Fue en 2022 cuando dieron el cante en Ejulve. Lo hicieron tras la andada organizada por Carrasca Rock a favor de Nuestros Montes no se olvidan, y han llevado su arte por diferentes localidades de la provincia turolense en más de una ocasión. "Desde el día que tocamos la primera vez en 2019, nos gustó y empezamos a crecer en número y a ampliar el repertorio y no hemos parado desde entonces", dice Irene Gómez, que destaca que no todas se conocían. "Algunas nos conocimos a raíz de tocar juntas y nos llevamos muy bien, nos ayudamos mucho, somos muy proactivas y nos apoyamos", apunta. Ella es guitarra pero empezó con la bandurria en su Aliaga natal en la rondalla, donde estuvo desde los 7 hasta los 16 años, cuando salió a estudiar. En Zaragoza mientras cursaba magisterio comenzó a aprender guitarra flamenca por primera vez, porque cuando a los 13 años descubrió a Paco de Lucía, tuvo claro que eso era lo que le gustaba. Empezó a dar clase con Mariano Bailera, con quien comparte filas en D'Colorao, grupo que montaron en 2014 y con el que suma unos cuantos años de directos. "Ahora estudio guitarra eléctrica en Las Armas, no sea que tenga cinco minutos libres", bromea. D'Colorao publicó el primer disco 'En libertad' en 2021 con 13 temas y el público lo colocó en lo alto de las listas como el más votado en Aragón Musical. Ese disco salió del estudio Masterlogic de Juan Carlos Mampel en Mas de las Matas. "Ahora vamos poco a poco y tenemos tres temas nuevos y también colaboran las Komares", añade.
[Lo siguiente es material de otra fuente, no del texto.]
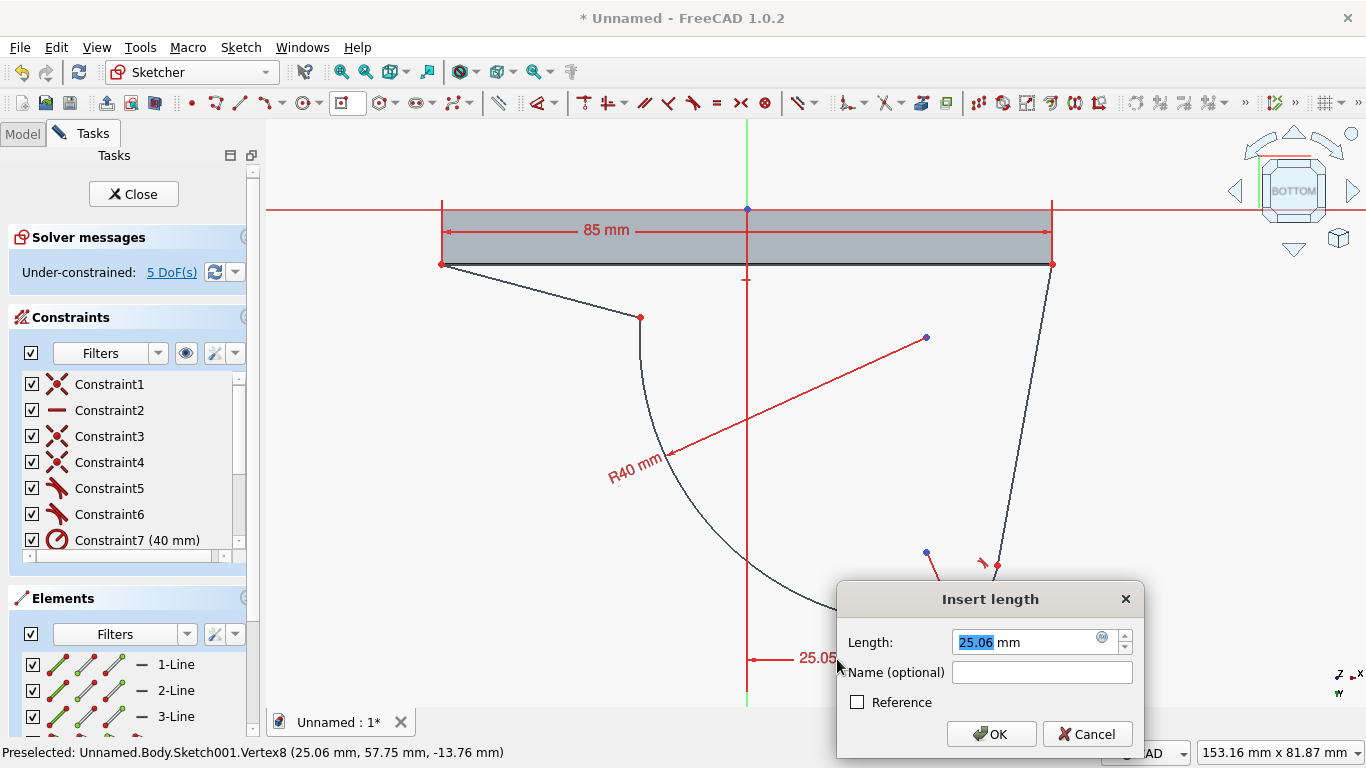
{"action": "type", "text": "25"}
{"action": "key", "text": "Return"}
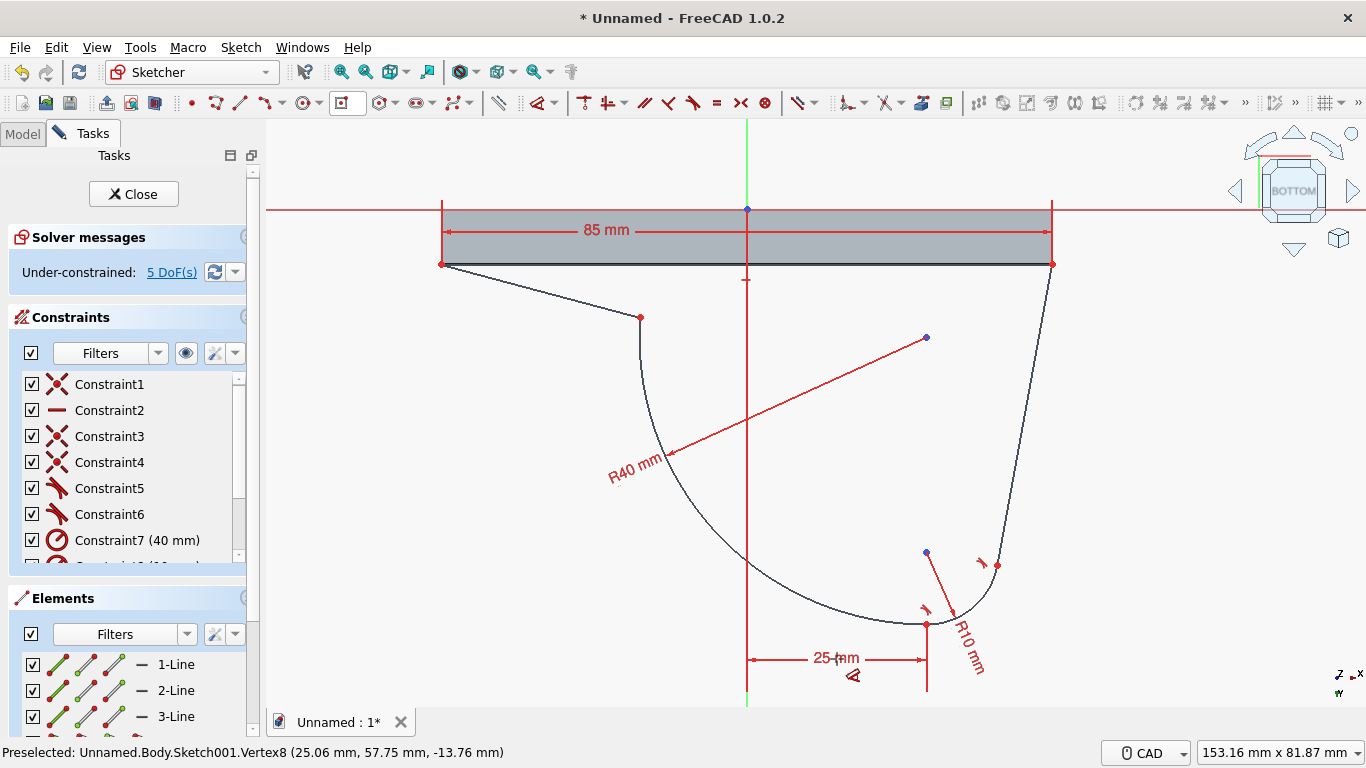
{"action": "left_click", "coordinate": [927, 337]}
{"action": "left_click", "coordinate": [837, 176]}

De hecho, ninguna de las nueve para y donde no llegan unas llegan otras. La última colaboración ha sido para una versión muy especial de Héroes del Silencio entre diferentes artistas aragoneses. Sherezade y Eva Lago aportan la parte Komare. Otra parte del tiempo, además de a la vida personal, es para la laboral, que en la mayoría de casos está dedicada a la música a través de la docencia. Gómez imparte clase en una academia de tardes, en Todo Concuerda, pero sigue rumiando la manera de darle salida a un proyecto que aguarda su momento. Dando clase en un colegio se le ocurrió componer 12 temas, uno por lección, sobre ciencias naturales para que a los niños les resultase más fácil aprender. "Es buena idea, es que con música todo es mejor", dice.